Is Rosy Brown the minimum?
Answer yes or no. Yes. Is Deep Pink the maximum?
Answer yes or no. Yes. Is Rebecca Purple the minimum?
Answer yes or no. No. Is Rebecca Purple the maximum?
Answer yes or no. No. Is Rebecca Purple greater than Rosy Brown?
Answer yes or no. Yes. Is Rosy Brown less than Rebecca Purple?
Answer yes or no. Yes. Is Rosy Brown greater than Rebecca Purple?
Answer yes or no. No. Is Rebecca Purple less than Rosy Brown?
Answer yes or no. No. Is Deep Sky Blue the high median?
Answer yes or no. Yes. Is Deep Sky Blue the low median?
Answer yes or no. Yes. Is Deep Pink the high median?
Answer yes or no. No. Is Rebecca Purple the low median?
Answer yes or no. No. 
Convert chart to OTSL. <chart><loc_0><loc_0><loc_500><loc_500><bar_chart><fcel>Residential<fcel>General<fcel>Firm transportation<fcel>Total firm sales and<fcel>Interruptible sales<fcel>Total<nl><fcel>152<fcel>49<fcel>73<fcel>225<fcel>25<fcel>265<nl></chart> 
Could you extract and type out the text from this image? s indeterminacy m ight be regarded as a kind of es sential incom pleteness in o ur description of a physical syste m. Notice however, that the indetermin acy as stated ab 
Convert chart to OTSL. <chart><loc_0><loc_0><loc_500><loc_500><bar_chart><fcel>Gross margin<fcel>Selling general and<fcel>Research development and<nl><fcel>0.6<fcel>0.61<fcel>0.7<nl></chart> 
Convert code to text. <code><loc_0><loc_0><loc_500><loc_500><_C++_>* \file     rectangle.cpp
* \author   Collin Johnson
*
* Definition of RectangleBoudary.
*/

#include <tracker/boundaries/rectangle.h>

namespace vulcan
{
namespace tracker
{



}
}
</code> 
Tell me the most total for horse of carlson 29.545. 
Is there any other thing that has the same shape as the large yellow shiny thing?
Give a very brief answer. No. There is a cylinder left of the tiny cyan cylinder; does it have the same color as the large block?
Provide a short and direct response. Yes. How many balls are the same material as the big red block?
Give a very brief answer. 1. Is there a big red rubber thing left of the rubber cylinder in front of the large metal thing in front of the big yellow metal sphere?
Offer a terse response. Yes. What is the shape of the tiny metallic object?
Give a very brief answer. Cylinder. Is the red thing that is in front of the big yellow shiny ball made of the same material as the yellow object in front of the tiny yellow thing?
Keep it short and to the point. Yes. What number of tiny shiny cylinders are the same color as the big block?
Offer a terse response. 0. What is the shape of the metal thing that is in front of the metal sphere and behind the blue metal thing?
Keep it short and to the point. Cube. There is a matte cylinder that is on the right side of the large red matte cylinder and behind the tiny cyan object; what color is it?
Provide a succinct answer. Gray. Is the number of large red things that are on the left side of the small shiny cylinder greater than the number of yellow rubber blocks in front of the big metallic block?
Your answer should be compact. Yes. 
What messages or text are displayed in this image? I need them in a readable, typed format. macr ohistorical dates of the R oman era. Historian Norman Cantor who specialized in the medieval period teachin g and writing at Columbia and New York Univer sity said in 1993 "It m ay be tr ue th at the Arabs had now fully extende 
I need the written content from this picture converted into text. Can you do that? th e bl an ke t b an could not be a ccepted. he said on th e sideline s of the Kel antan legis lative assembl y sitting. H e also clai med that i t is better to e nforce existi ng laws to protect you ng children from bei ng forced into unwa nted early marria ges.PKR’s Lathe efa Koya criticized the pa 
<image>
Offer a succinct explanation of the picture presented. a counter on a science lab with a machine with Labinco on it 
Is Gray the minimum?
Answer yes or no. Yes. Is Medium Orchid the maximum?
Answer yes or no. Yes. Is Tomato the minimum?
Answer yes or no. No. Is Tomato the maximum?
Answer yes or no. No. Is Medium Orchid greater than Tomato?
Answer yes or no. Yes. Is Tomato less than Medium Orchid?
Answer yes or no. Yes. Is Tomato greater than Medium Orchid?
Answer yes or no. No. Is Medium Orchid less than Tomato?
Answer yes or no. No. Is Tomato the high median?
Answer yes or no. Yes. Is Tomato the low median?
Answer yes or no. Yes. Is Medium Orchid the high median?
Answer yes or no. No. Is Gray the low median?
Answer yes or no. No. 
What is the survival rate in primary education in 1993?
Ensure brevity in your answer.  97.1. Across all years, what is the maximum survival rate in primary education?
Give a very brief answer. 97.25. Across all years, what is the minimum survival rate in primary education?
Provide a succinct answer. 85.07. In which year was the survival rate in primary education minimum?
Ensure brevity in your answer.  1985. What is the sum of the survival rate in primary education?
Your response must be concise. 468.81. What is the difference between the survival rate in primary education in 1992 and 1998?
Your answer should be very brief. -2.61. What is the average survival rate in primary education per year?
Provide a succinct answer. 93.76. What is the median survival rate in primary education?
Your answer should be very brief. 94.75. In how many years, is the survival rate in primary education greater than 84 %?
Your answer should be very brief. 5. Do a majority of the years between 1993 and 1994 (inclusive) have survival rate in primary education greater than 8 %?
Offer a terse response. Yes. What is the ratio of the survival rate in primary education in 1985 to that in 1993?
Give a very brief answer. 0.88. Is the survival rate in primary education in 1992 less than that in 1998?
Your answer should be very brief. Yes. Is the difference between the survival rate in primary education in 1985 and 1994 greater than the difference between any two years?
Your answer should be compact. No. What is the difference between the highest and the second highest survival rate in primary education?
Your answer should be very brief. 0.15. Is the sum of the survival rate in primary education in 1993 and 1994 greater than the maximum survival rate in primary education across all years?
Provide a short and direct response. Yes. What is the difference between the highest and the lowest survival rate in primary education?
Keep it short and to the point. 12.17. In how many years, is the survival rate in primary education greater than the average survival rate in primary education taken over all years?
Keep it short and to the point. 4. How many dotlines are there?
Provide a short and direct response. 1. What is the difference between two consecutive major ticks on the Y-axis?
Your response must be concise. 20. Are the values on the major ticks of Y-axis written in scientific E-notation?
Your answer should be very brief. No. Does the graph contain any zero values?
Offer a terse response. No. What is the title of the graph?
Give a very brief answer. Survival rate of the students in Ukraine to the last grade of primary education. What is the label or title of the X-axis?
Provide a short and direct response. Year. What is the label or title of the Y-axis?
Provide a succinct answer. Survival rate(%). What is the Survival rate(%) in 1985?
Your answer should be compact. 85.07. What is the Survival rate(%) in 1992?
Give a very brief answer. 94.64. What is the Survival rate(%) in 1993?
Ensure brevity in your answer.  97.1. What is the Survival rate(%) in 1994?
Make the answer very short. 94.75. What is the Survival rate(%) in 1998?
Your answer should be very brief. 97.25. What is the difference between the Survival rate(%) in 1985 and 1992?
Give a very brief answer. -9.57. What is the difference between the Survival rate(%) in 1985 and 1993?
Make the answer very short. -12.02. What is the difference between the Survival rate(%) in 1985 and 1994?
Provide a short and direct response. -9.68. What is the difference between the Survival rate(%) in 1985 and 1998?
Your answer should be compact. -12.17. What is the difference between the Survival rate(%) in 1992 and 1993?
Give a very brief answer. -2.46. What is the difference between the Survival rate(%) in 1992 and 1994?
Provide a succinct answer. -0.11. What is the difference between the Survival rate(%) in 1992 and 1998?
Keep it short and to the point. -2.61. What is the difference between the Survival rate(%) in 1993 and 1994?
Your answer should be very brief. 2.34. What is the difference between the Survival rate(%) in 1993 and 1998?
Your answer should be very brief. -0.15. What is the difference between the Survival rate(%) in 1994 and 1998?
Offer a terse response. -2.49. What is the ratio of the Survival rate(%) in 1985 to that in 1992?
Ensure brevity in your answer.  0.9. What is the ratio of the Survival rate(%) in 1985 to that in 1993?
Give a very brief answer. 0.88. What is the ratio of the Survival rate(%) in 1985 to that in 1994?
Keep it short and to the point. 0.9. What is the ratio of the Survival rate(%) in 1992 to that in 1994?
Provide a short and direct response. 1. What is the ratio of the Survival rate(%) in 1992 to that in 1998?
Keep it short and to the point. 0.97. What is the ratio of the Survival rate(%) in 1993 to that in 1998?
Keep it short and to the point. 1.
● ● ●
YOUR TASK: Everything in the material above from the line that has "Your answer should be compact. -12.17." through the line that has "Give a very brief answer. -2.46." must be duplicated exactly, with no other lines given.

TASK RESPONSE:
Your answer should be compact. -12.17. What is the difference between the Survival rate(%) in 1992 and 1993?
Give a very brief answer. -2.46. What is the difference between the Survival rate(%) in 1992 and 1994?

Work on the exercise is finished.